The Azad Kashmir Regiment (AK Regt) is one of the six infantry regiments in the Pakistan Army named after Azad Kashmir (Pakistan Administered Kashmir). It holds the distinction of being the only Battle Born Regiment in South Asia, formed by locals of Azad Kashmir to fight against Dogra Raj, and the first regiment raised after Pakistan's independence. With the Regimental Centre at Mansar Camp in Attock District, the Regiment has participated in all operations and wars fought by the Pakistan Army.

== Historical background ==
The Azad Kashmir Regiment was established in 1974 from the original Kashmir Liberation Forces that rose in 1947 in rebellion against the Maharaja of Jammu and Kashmir in present-day Azad Kashmir. They were regularised at the end of the First Kashmir War and made a part of the Pakistan Army under the name Azad Kashmir Regular Force (AKRF).
The force has the distinction of not having been raised by any government order, but "raised itself" when bands of armed World War II veterans along with locals (including women such as Mujahida Hussain Bibi), organized themselves into disciplined ad hoc platoons, companies and battalions led by retired officers, JCOs and NCOs, and went out to fight in Kashmir against the Indian Army in 1948. The AKRF had its own intake and training structure separate from the Pakistan Army. Uniforms and rank structures were the same as in the Pakistan Army. At that time, all the battalions of the AKRF were part of the 12th Infantry Division of the Pakistan Army, permanently stationed in Azad Kashmir. Although upon requirement, two AKRF regiments (12th and 21st) were sent to East Pakistan as part of reinforcements to Eastern Command. Originally created as a militia, the AKRF functioned as a paramilitary force.

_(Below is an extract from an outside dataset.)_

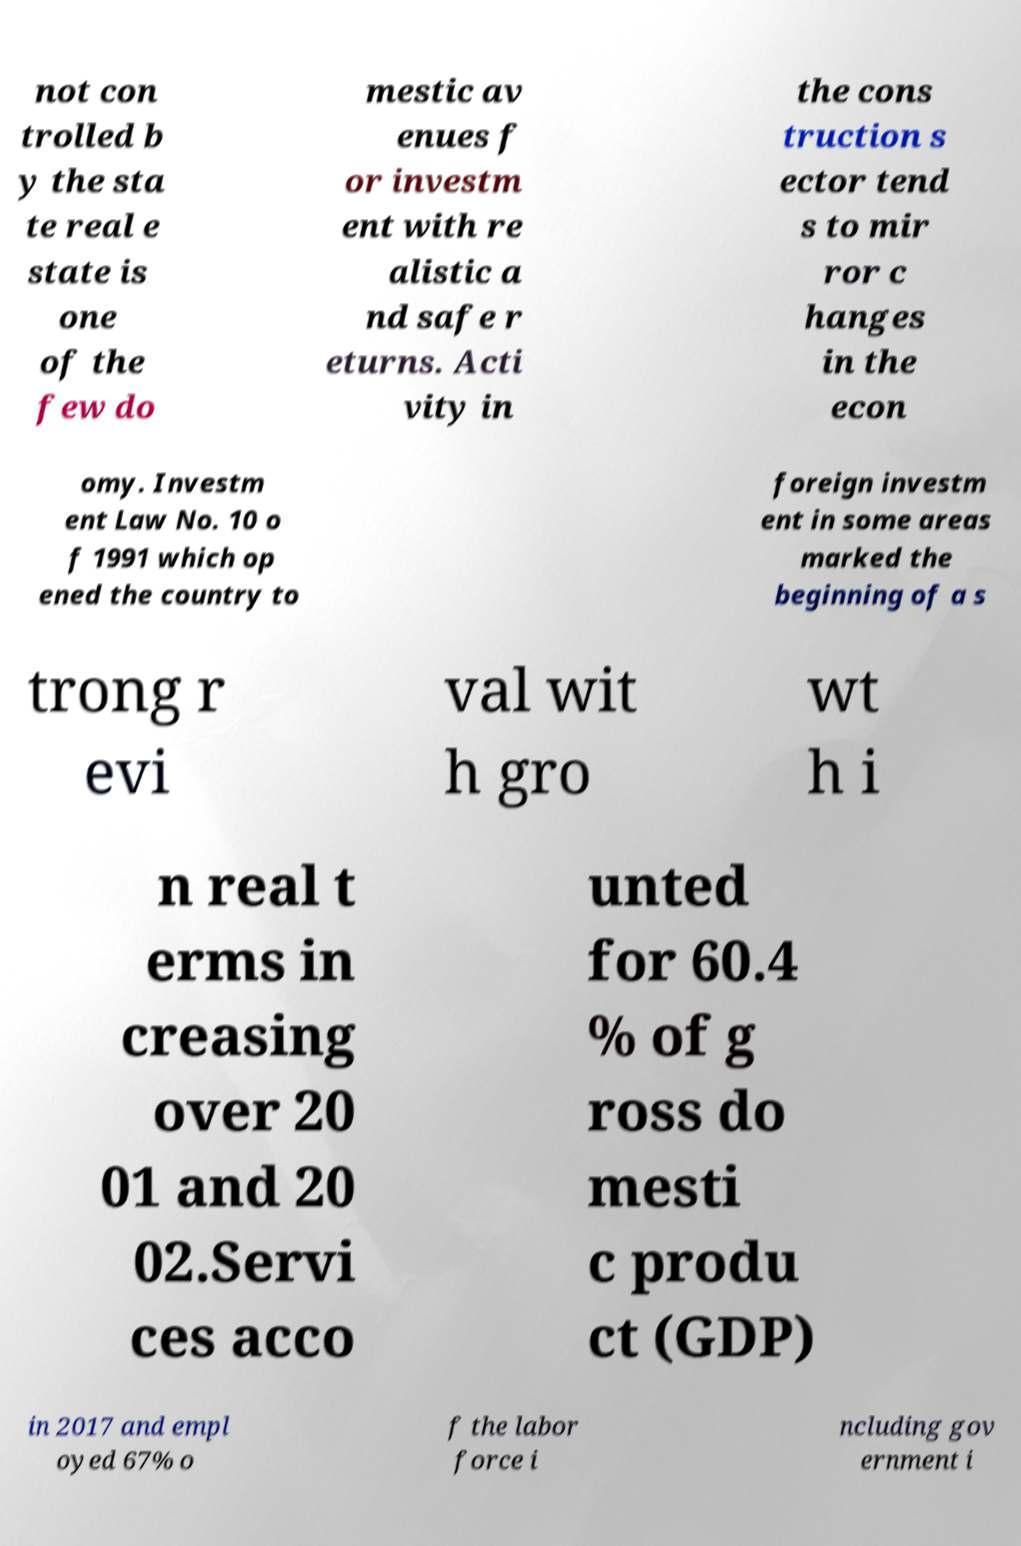I need the written content from this picture converted into text. Can you do that? not con trolled b y the sta te real e state is one of the few do mestic av enues f or investm ent with re alistic a nd safe r eturns. Acti vity in the cons truction s ector tend s to mir ror c hanges in the econ omy. Investm ent Law No. 10 o f 1991 which op ened the country to foreign investm ent in some areas marked the beginning of a s trong r evi val wit h gro wt h i n real t erms in creasing over 20 01 and 20 02.Servi ces acco unted for 60.4 % of g ross do mesti c produ ct (GDP) in 2017 and empl oyed 67% o f the labor force i ncluding gov ernment i 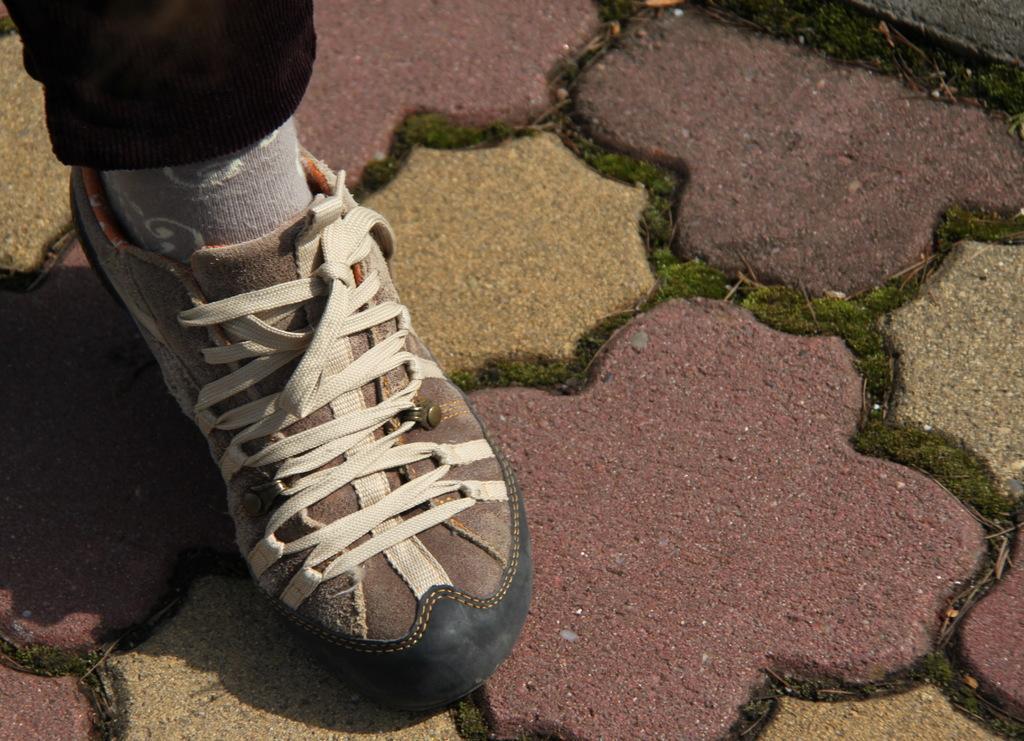Can you describe this image briefly? In this image we can see a person's leg wearing socks and shoes is on the ground.

The AKRF was amalgamated to the Pakistan Army as Regular Infantry Regiment in 1974 as Azad Kashmir Regiment.

== Commandants of the Regiment ==

Col Commandants of the Regt include:

1. Maj Gen M. Sherin Khan (May 69 to May 74)
2. Lt Gen Muhammad Akbar Khan (April 1975 to Oct 1976)
3. Lt Gen Faiz Ali Chishti HI(M) SB.t (Oct 1976 to Oct 1980)
4. Lt Gen Sardar Farooq Shaukat Khan Lodhi HI(M) SB.t (Jan 1981 to Jan 1985)
5. Lt Gen Zahid Ali Akbar Khan HI(M) SB.t (Jan 1985 to Aug 1989)
6. Lt Gen Ziaullah Khan HI(M) ( Nov 1993 to Nov 1997)
7. Maj Gen Muhammad Saleem Arshad HI(M) TB.t (Nov 1997 to Nov 1998)
8. Maj Gen Muhammad Anwar Khan HI(M) (Nov 1999 to Jul 2001)
9. Lt Gen Javed Hassan HI(M) (March 2002 to Oct 2004)
10. Maj Gen Mukhtar Ahmed HI(M) (March 2005 to March 2009)
11. Lt Gen Haroon Aslam HI(M) SB.t (March 2009 to Oct 2013)
12. Lt Gen Ishfaq Nadeem Ahmad HI(M) (Oct 2013 to March 2017)
13. Lt Gen Hidayat ur Rehman HI(M) (March 2017 to Apr 2019)
14. Lt Gen Sher Afgun HI(M) (Apr 2019 to Dec 2021)
15. Lt Gen Sarfaraz Ali HI(M) TB.t & Bar (Dec 2021 to Aug 2022)
16. Lt Gen Shahid Imtiaz HI(M) (16 March 2023-till date)

== War history ==

=== Kashmir 1947–48 ===
What began as a revolt by young rebels and ex servicemen turned out to be a big setback for tripartite alliance of Maharaja of Jammu and Kashmir, Indian Government and remnants of outgoing British colonial authorities still in control of India and partial control of Pakistan. To quote the words of Pakistan Army's Official Portal "They liberated over 34,000 square miles of the State's territory that is now called Azad Jammu and Kashmir and Northern Areas."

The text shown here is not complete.